EXTRACTED INFORMATION>
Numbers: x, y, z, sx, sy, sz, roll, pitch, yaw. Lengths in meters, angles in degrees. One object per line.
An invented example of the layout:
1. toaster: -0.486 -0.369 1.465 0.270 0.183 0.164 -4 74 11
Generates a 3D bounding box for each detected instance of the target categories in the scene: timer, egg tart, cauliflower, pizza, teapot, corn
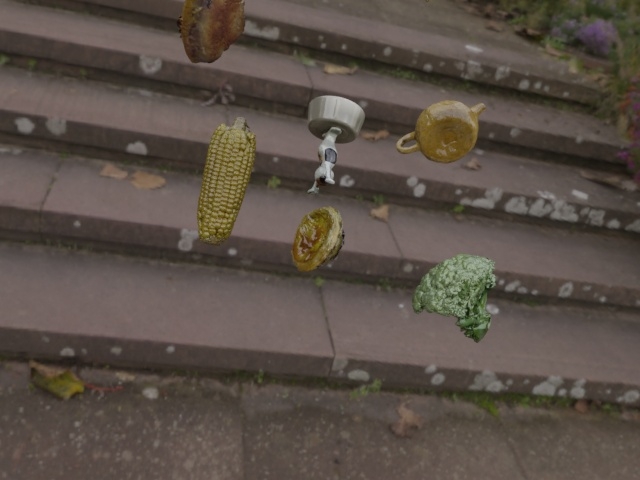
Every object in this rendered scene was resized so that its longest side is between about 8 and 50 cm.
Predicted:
1. timer: 0.024 -0.273 1.990 0.175 0.266 0.175 11 -16 3
2. egg tart: 0.000 0.000 2.177 0.105 0.241 0.241 25 19 -33
3. cauliflower: 0.410 0.170 1.908 0.275 0.272 0.250 -26 83 -31
4. pizza: -0.197 -0.480 1.297 0.085 0.306 0.161 43 35 20
5. teapot: 0.392 -0.363 2.172 0.311 0.203 0.167 -22 35 14
6. corn: -0.233 -0.146 1.643 0.119 0.322 0.119 10 -2 0
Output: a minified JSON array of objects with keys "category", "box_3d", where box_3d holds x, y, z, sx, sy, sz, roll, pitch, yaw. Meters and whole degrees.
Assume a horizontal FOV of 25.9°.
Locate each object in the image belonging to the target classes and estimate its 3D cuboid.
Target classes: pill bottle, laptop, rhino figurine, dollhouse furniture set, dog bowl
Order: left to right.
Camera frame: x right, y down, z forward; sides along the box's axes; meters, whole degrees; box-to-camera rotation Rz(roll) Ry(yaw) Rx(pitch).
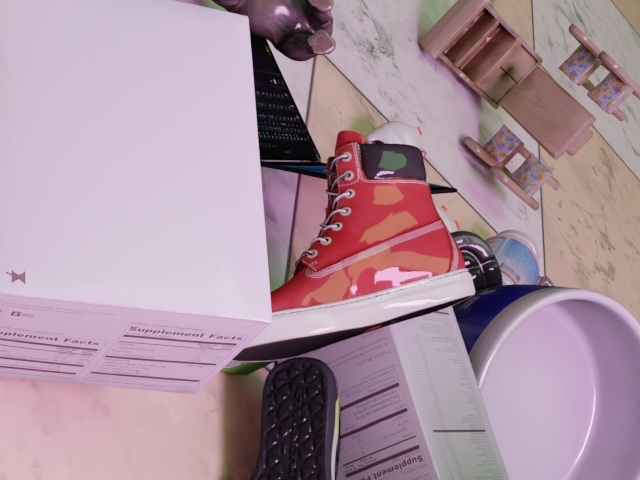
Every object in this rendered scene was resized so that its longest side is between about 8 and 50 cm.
[{"category":"rhino figurine","box_3d":[-0.082,-0.268,1.427,0.243,0.073,0.106,37,-7,-3]},{"category":"laptop","box_3d":[0.004,-0.139,1.413,0.264,0.136,0.234,65,15,5]},{"category":"pill bottle","box_3d":[0.217,0.046,1.693,0.087,0.087,0.160,58,30,-8]},{"category":"dollhouse furniture set","box_3d":[0.266,-0.209,1.863,0.161,0.212,0.242,34,14,-42]},{"category":"dog bowl","box_3d":[0.228,0.178,1.454,0.265,0.104,0.265,-2,95,-32]}]

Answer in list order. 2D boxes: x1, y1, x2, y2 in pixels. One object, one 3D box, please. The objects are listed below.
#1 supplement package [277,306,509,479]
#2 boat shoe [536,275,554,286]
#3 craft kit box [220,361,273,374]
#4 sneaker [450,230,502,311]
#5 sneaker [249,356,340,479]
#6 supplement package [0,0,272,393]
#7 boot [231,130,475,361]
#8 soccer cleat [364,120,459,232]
[{"category":"supplement package","box_3d":[0.073,0.187,1.305,0.139,0.134,0.244,11,57,-54]},{"category":"boat shoe","box_3d":[0.284,0.164,1.691,0.116,0.096,0.324,43,35,-31]},{"category":"craft kit box","box_3d":[-0.151,-0.015,1.203,0.250,0.061,0.247,15,57,-52]},{"category":"sneaker","box_3d":[0.169,0.115,1.546,0.101,0.106,0.267,-14,99,-17]},{"category":"sneaker","box_3d":[-0.017,0.213,1.194,0.097,0.084,0.235,72,27,-55]},{"category":"supplement package","box_3d":[-0.162,-0.040,1.022,0.204,0.145,0.262,8,61,-25]},{"category":"boot","box_3d":[0.000,0.000,1.206,0.244,0.088,0.176,-16,81,-26]},{"category":"soccer cleat","box_3d":[0.103,-0.043,1.622,0.076,0.068,0.196,-20,90,-31]}]
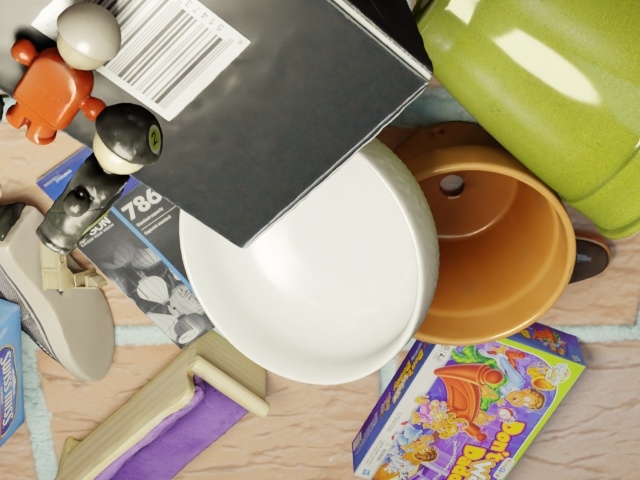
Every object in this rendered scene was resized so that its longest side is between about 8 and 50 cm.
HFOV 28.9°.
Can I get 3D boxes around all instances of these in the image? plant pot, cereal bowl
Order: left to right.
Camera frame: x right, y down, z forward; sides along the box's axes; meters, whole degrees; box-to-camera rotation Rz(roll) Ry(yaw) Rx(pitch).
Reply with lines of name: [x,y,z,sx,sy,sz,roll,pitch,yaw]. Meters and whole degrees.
cereal bowl: [0.000,0.000,1.542,0.339,0.141,0.339,10,111,26]
plant pot: [0.189,-0.029,1.703,0.291,0.203,0.291,0,123,0]
plant pot: [0.300,-0.247,1.506,0.353,0.366,0.366,30,119,-6]

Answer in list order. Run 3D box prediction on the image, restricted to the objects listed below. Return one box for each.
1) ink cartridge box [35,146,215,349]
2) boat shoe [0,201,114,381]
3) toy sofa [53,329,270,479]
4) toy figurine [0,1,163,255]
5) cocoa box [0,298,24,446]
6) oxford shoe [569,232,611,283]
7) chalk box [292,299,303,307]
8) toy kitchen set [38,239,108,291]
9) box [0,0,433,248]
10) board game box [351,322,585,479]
ink cartridge box: [-0.243,-0.001,1.790,0.165,0.065,0.333,-35,117,15]
boat shoe: [-0.434,0.076,1.827,0.158,0.127,0.340,1,134,26]
toy sofa: [-0.252,0.314,1.939,0.150,0.177,0.362,38,114,-23]
toy figurine: [-0.252,-0.111,1.018,0.209,0.213,0.148,13,131,-38]
cocoa box: [-0.622,0.182,1.746,0.347,0.228,0.231,18,125,15]
oxford shoe: [0.297,0.058,1.828,0.271,0.098,0.097,-11,123,6]
chalk box: [-0.043,0.047,1.742,0.132,0.213,0.132,-28,121,17]
toy kitchen set: [-0.342,0.030,1.753,0.068,0.083,0.075,1,99,25]
box: [-0.176,-0.329,1.302,0.480,0.472,0.297,35,117,-30]
board game box: [0.228,0.264,1.977,0.233,0.078,0.347,20,121,-14]
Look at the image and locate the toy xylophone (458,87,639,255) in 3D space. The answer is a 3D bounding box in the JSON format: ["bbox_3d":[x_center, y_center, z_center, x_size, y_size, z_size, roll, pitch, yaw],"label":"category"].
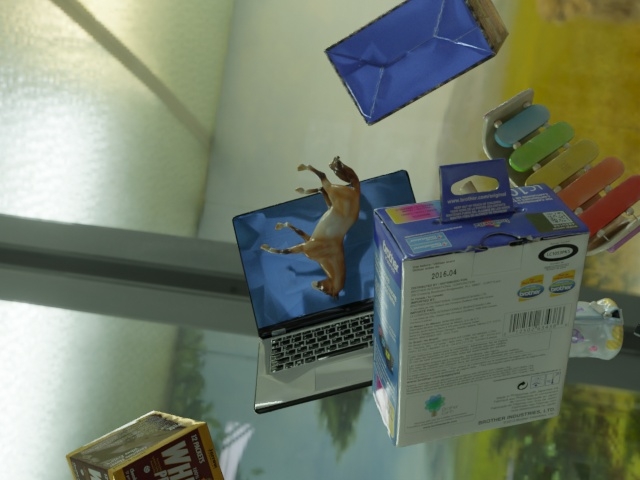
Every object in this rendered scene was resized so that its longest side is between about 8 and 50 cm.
[{"bbox_3d":[0.387,-0.092,1.518,0.236,0.322,0.081,-41,-15,-23],"label":"toy xylophone"}]

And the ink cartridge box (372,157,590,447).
[{"bbox_3d":[0.218,0.082,1.286,0.151,0.270,0.395,-115,20,-54],"label":"ink cartridge box"}]

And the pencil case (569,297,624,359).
[{"bbox_3d":[0.405,0.159,1.631,0.124,0.273,0.113,105,165,-76],"label":"pencil case"}]

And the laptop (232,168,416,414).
[{"bbox_3d":[0.031,0.084,1.729,0.408,0.382,0.236,-93,-14,-66],"label":"laptop"}]

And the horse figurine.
[{"bbox_3d":[0.006,-0.039,1.709,0.263,0.174,0.066,-65,-21,-6],"label":"horse figurine"}]

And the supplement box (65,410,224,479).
[{"bbox_3d":[-0.307,0.407,1.586,0.191,0.194,0.129,-23,-78,-37],"label":"supplement box"}]

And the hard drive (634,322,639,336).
[{"bbox_3d":[0.554,0.161,1.351,0.135,0.094,0.022,29,105,54],"label":"hard drive"}]

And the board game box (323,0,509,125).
[{"bbox_3d":[0.168,-0.328,1.487,0.141,0.232,0.291,59,-157,-9],"label":"board game box"}]
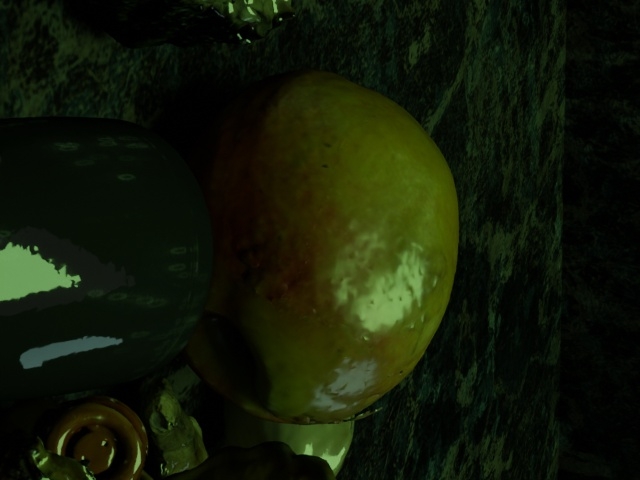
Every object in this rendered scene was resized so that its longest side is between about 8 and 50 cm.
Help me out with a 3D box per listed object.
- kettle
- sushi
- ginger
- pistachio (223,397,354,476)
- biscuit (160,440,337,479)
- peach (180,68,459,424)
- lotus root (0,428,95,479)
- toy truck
[{"bbox_3d":[-0.250,0.043,0.820,0.290,0.207,0.268,-10,135,-60],"label":"kettle"},{"bbox_3d":[-0.131,-0.272,0.976,0.350,0.170,0.211,9,89,-68],"label":"sushi"},{"bbox_3d":[-0.140,0.252,1.266,0.334,0.081,0.148,75,28,-47],"label":"ginger"},{"bbox_3d":[-0.042,0.200,1.372,0.223,0.152,0.126,64,0,40],"label":"pistachio"},{"bbox_3d":[-0.078,0.358,1.071,0.335,0.329,0.078,60,6,35],"label":"biscuit"},{"bbox_3d":[-0.001,0.001,1.221,0.372,0.289,0.373,18,61,-36],"label":"peach"},{"bbox_3d":[-0.286,0.238,0.785,0.314,0.169,0.141,-36,170,-14],"label":"lotus root"},{"bbox_3d":[-0.178,0.266,0.965,0.212,0.288,0.204,-49,-174,-16],"label":"toy truck"}]

ASSIGNED TASK>
The lines to show are those in the data above that include "bounding".

REPLY TO THE TASK>
Generates a 3D bounding box for each detected instance of the target categories in the scene: timer, egg tart, cauliflower, pizza, teapot, corn
Look at the image and locate the toy xylophone (458,87,639,255) in 3D space. The answer is a 3D bounding box in the JSON format: ["bbox_3d":[x_center, y_center, z_center, x_size, y_size, z_size, roll, pitch, yaw],"label":"category"].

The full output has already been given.